WORK TO COMPLETE: In the entries that follow, find the word "Preparation" and report each line it is on.

RECORDS PROVIDED:
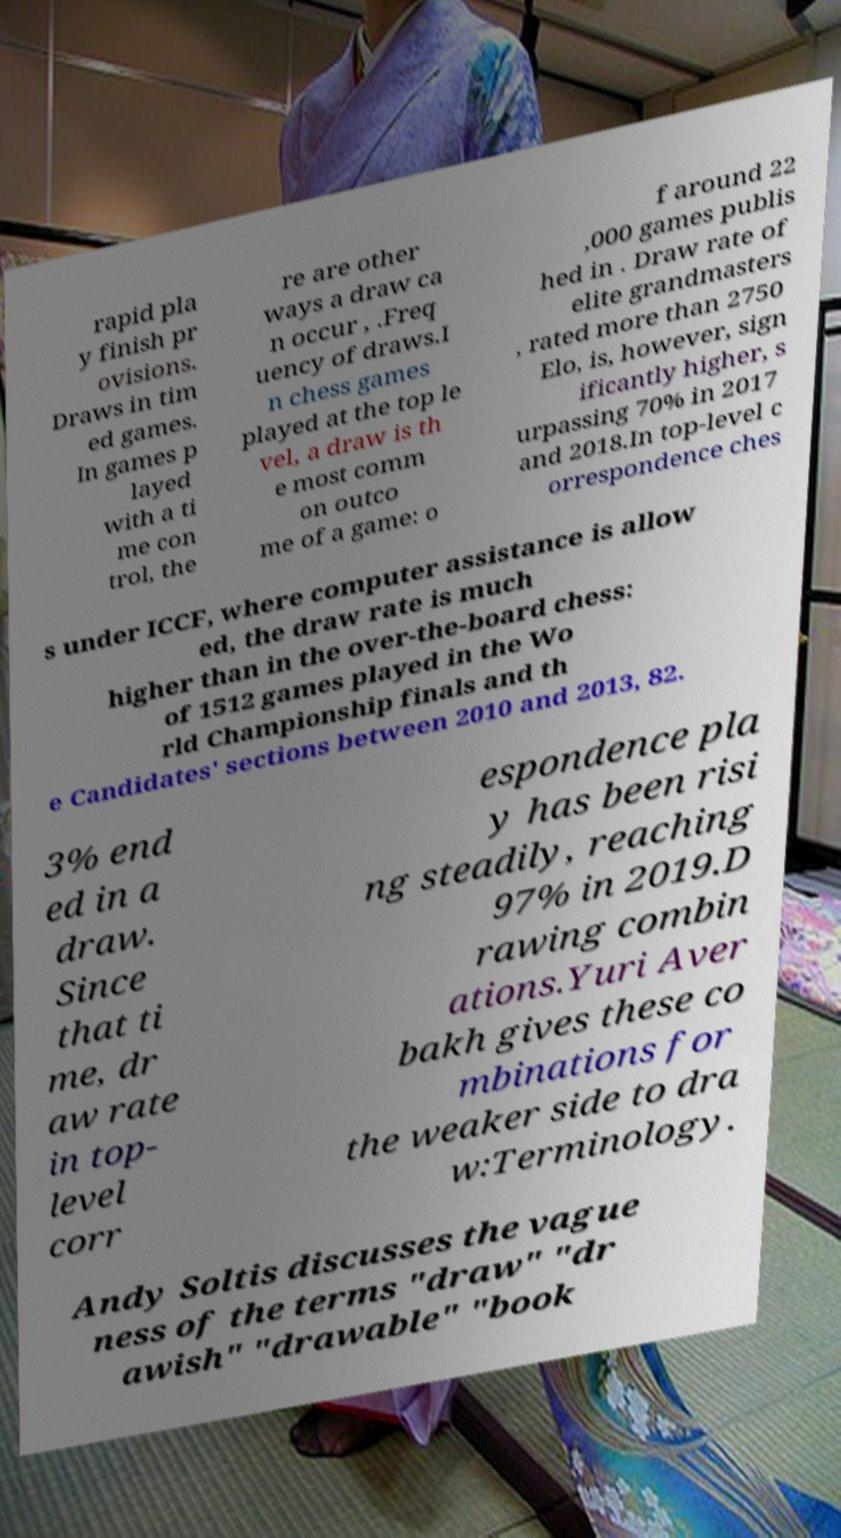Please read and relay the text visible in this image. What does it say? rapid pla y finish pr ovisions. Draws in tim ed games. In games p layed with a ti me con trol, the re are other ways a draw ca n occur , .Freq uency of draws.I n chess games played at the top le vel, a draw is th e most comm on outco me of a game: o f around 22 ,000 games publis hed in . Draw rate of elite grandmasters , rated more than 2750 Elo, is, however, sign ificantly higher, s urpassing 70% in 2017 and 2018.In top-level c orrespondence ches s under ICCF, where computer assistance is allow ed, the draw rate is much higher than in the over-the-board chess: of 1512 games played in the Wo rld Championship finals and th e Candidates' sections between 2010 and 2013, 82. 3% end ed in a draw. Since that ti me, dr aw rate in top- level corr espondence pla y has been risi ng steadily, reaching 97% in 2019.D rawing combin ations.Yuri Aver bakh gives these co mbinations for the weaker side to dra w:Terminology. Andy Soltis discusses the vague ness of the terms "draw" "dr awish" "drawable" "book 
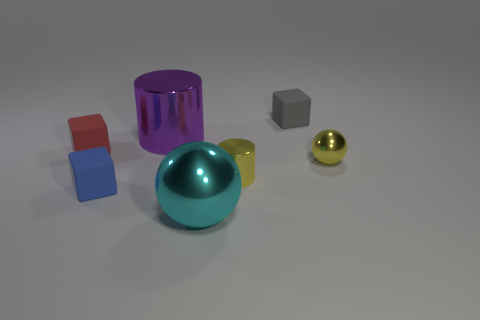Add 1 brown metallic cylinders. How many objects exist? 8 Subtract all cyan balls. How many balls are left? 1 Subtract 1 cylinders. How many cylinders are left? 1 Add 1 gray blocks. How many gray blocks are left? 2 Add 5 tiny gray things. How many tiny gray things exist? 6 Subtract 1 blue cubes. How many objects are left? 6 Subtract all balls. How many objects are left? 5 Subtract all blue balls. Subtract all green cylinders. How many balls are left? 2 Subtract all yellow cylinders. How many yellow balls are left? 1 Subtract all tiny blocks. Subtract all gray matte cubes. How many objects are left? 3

* * *

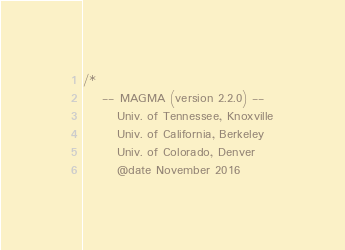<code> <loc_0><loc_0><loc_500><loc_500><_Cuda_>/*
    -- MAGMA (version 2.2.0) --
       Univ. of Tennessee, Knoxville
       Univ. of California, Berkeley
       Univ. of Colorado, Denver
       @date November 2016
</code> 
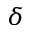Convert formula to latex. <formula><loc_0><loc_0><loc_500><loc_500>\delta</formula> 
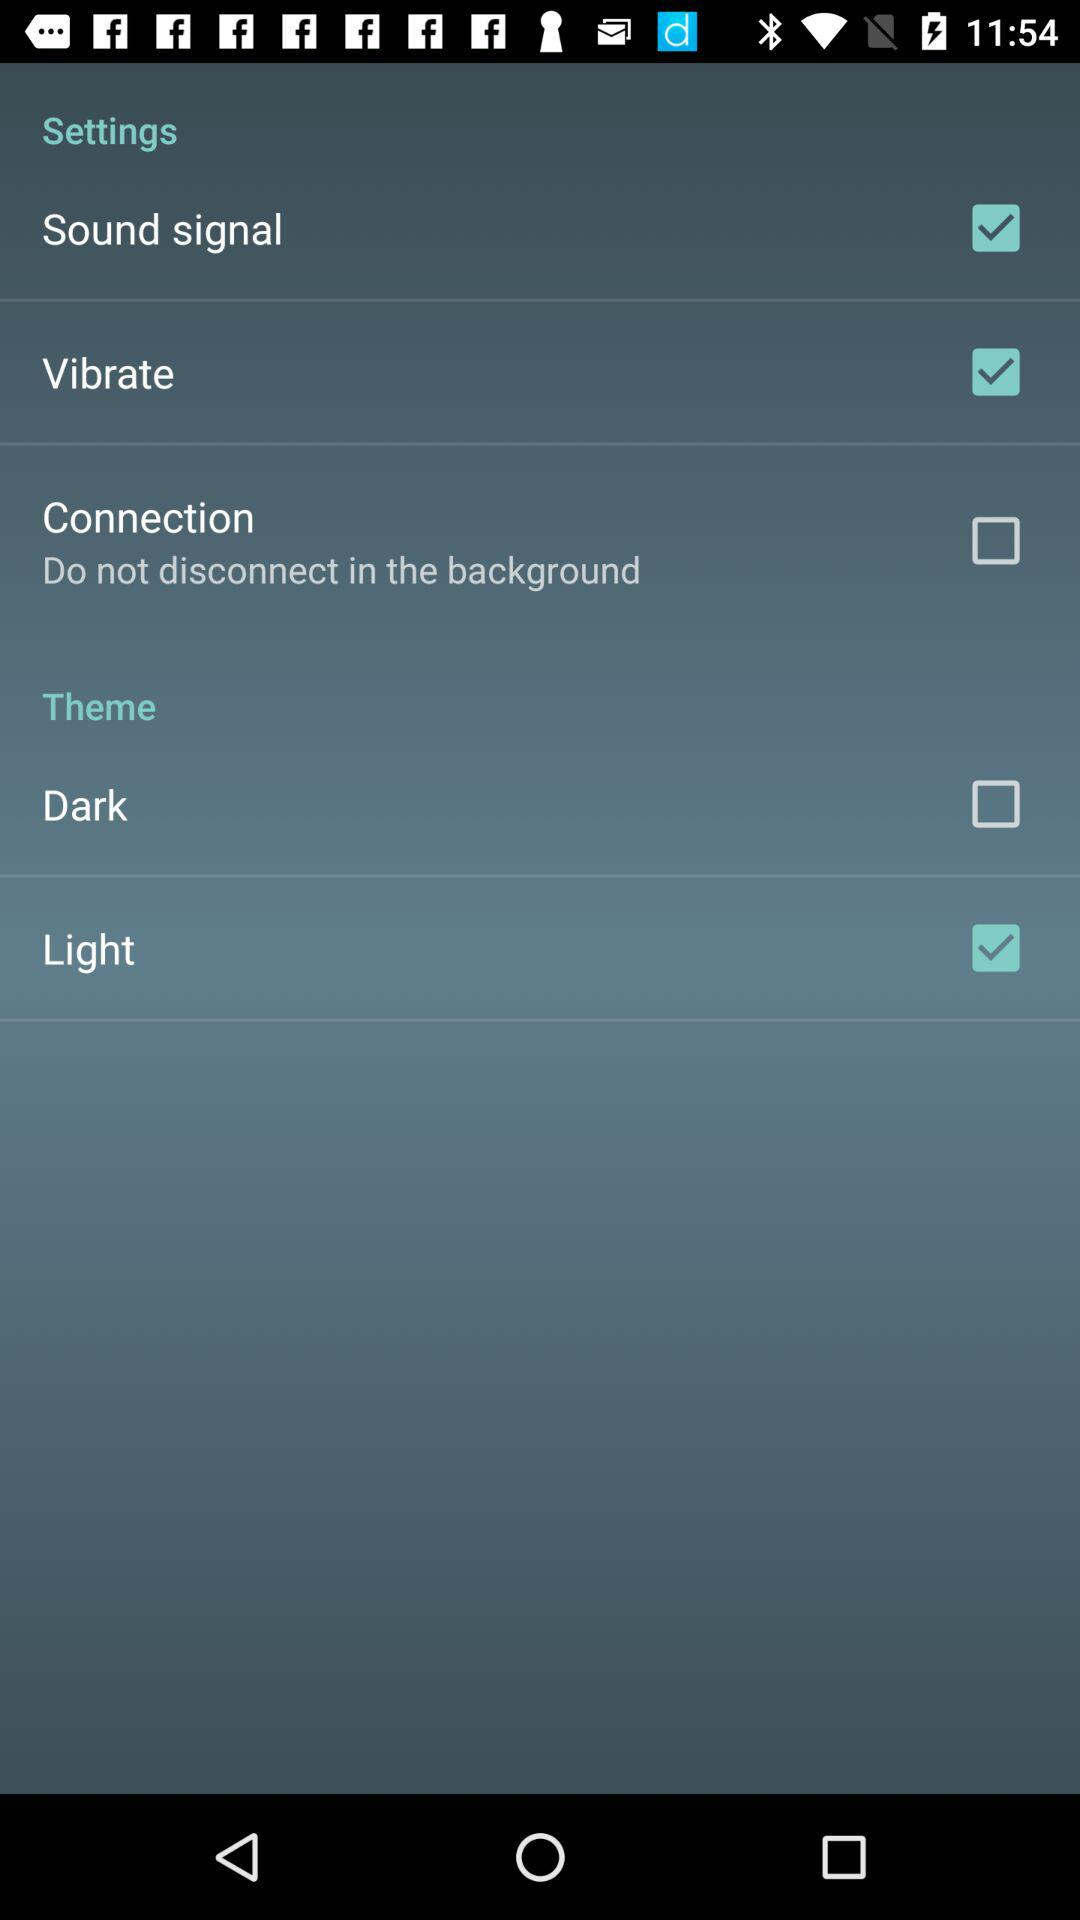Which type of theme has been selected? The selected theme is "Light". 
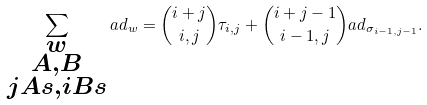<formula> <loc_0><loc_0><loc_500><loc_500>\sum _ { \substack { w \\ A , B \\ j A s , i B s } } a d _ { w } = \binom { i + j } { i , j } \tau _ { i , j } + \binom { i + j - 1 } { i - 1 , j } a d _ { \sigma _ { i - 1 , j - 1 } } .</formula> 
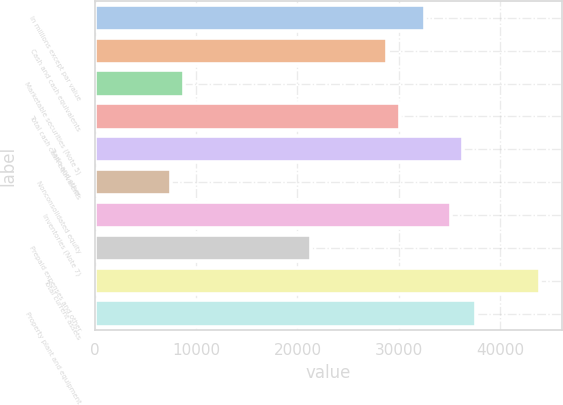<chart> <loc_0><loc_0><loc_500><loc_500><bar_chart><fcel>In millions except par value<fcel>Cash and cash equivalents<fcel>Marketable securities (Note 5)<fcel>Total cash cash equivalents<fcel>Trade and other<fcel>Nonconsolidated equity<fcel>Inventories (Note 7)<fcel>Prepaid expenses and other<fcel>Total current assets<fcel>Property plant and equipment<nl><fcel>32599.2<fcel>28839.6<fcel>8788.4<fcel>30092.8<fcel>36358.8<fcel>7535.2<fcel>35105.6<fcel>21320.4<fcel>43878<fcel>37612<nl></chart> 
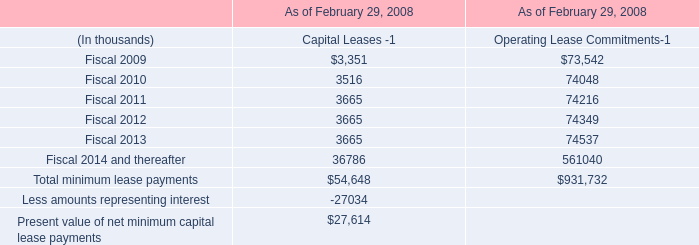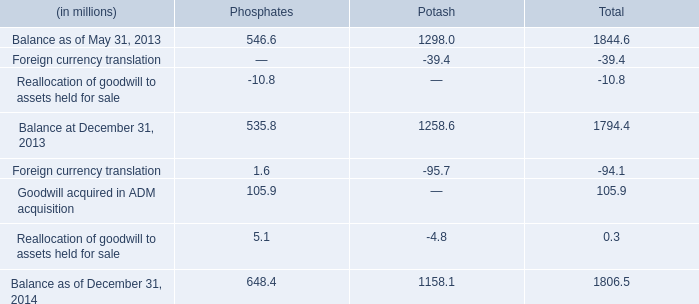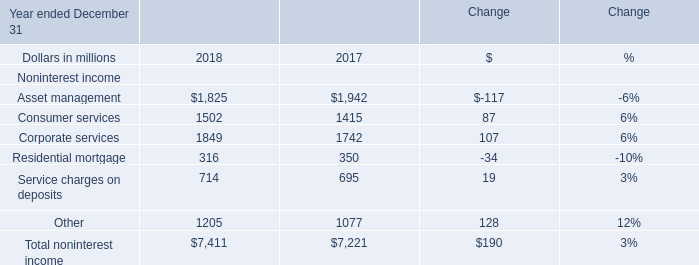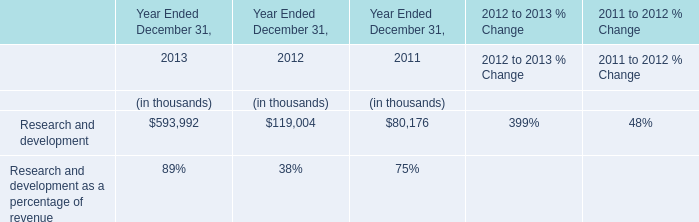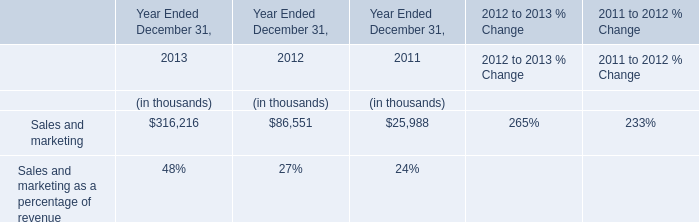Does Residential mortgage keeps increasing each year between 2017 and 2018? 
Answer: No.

...

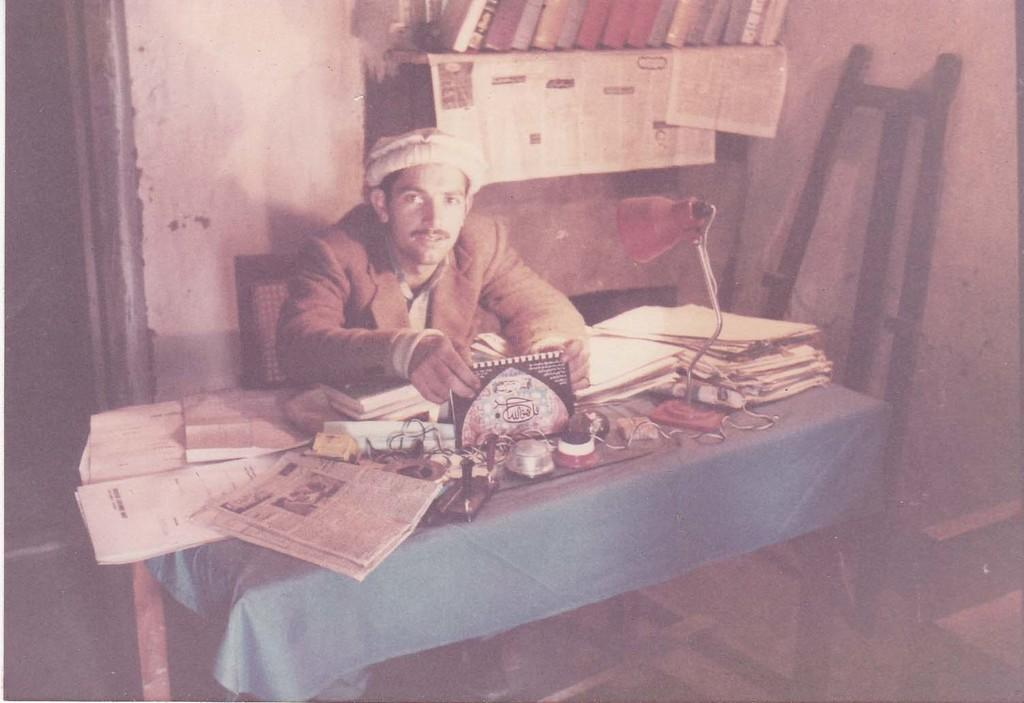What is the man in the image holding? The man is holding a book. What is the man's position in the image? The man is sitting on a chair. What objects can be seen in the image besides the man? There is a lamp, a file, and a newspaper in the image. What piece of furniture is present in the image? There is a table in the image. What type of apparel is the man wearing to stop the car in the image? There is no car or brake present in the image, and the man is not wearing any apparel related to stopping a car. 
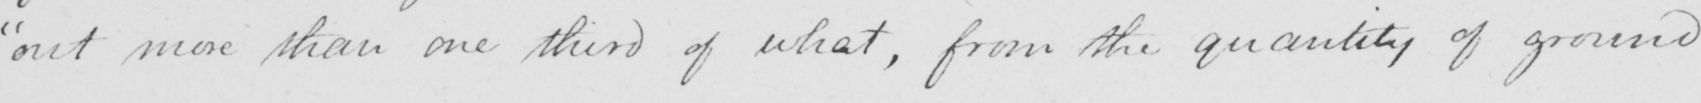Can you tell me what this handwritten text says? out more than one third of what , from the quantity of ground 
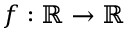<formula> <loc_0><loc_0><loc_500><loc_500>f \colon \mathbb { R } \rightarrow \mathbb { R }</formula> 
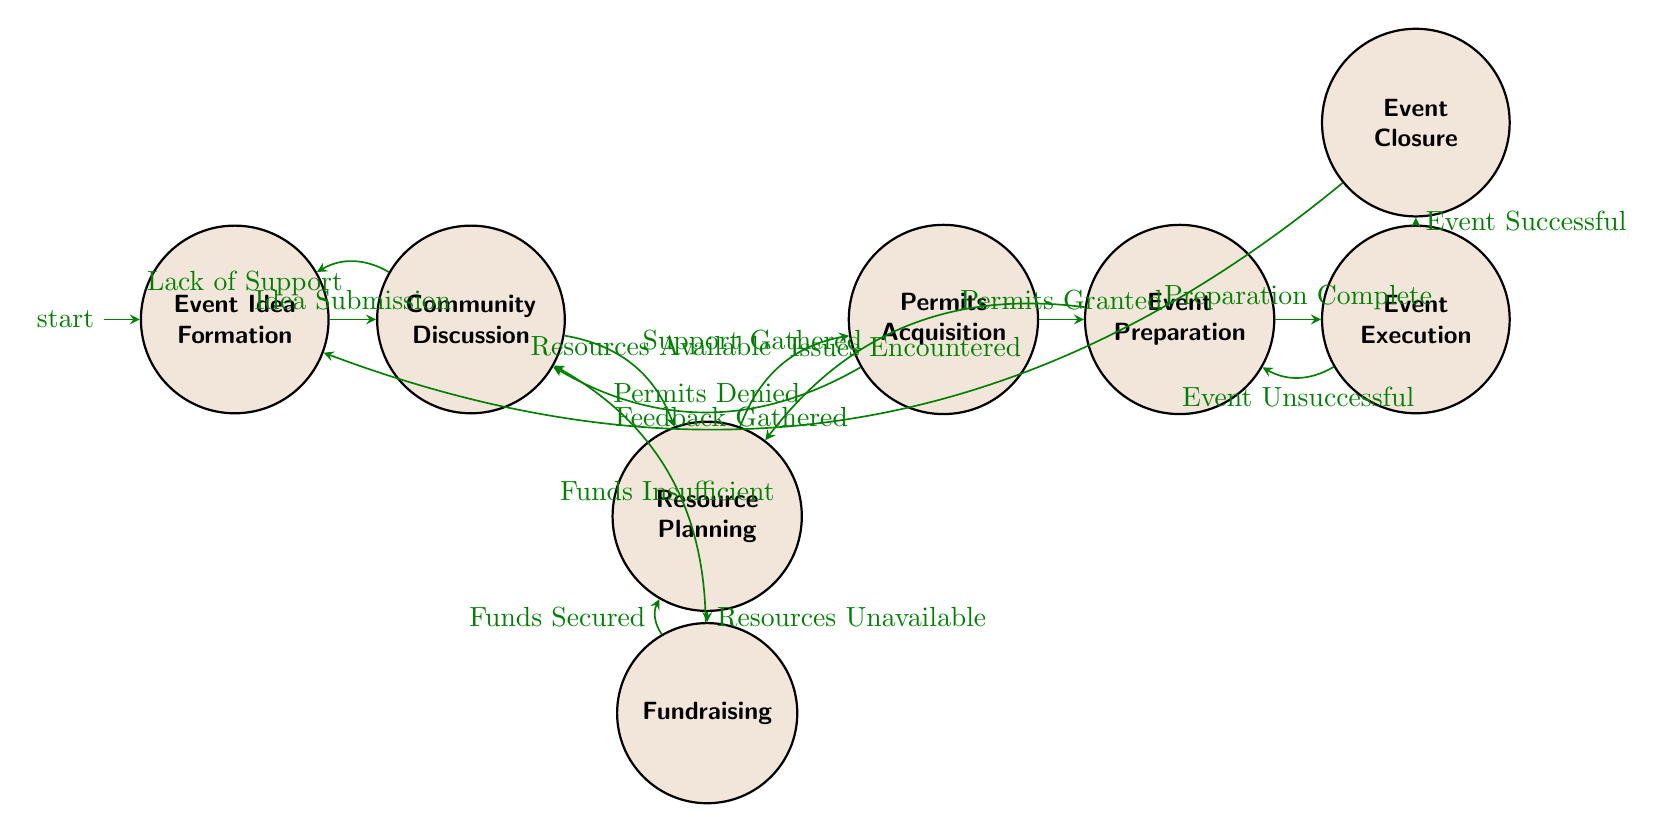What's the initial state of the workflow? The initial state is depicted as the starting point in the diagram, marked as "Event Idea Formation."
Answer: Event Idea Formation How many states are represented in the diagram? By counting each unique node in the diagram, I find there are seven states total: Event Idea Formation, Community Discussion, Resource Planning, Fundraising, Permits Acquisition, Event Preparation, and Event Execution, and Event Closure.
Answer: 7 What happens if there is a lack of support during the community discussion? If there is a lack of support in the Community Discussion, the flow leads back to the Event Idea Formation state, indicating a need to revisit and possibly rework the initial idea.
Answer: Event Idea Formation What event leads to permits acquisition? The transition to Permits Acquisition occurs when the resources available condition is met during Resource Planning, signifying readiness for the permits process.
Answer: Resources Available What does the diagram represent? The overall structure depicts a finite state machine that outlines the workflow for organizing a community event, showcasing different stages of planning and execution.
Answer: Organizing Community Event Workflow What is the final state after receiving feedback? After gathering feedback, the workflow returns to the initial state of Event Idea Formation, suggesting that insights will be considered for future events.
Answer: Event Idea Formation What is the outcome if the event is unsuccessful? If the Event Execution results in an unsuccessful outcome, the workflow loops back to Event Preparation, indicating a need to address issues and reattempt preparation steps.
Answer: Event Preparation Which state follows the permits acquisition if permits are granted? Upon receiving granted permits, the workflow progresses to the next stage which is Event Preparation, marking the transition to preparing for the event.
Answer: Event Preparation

REPLY TO THE TASK:
Answer: Event Idea Formation How many states are represented in the diagram? By counting each unique node in the diagram, I find there are seven states total: Event Idea Formation, Community Discussion, Resource Planning, Fundraising, Permits Acquisition, Event Preparation, and Event Execution, and Event Closure.
Answer: Event Idea Formation What is the outcome if the event is unsuccessful? If the Event Execution results in an unsuccessful outcome, the workflow loops back to Event Preparation, indicating a need to address issues and reattempt preparation steps.
Answer: Event Preparation Which state follows the permits acquisition if permits are granted? Upon receiving granted permits, the workflow progresses to the next stage which is Event Preparation, marking the transition to preparing for the event.
Answer: Event Preparation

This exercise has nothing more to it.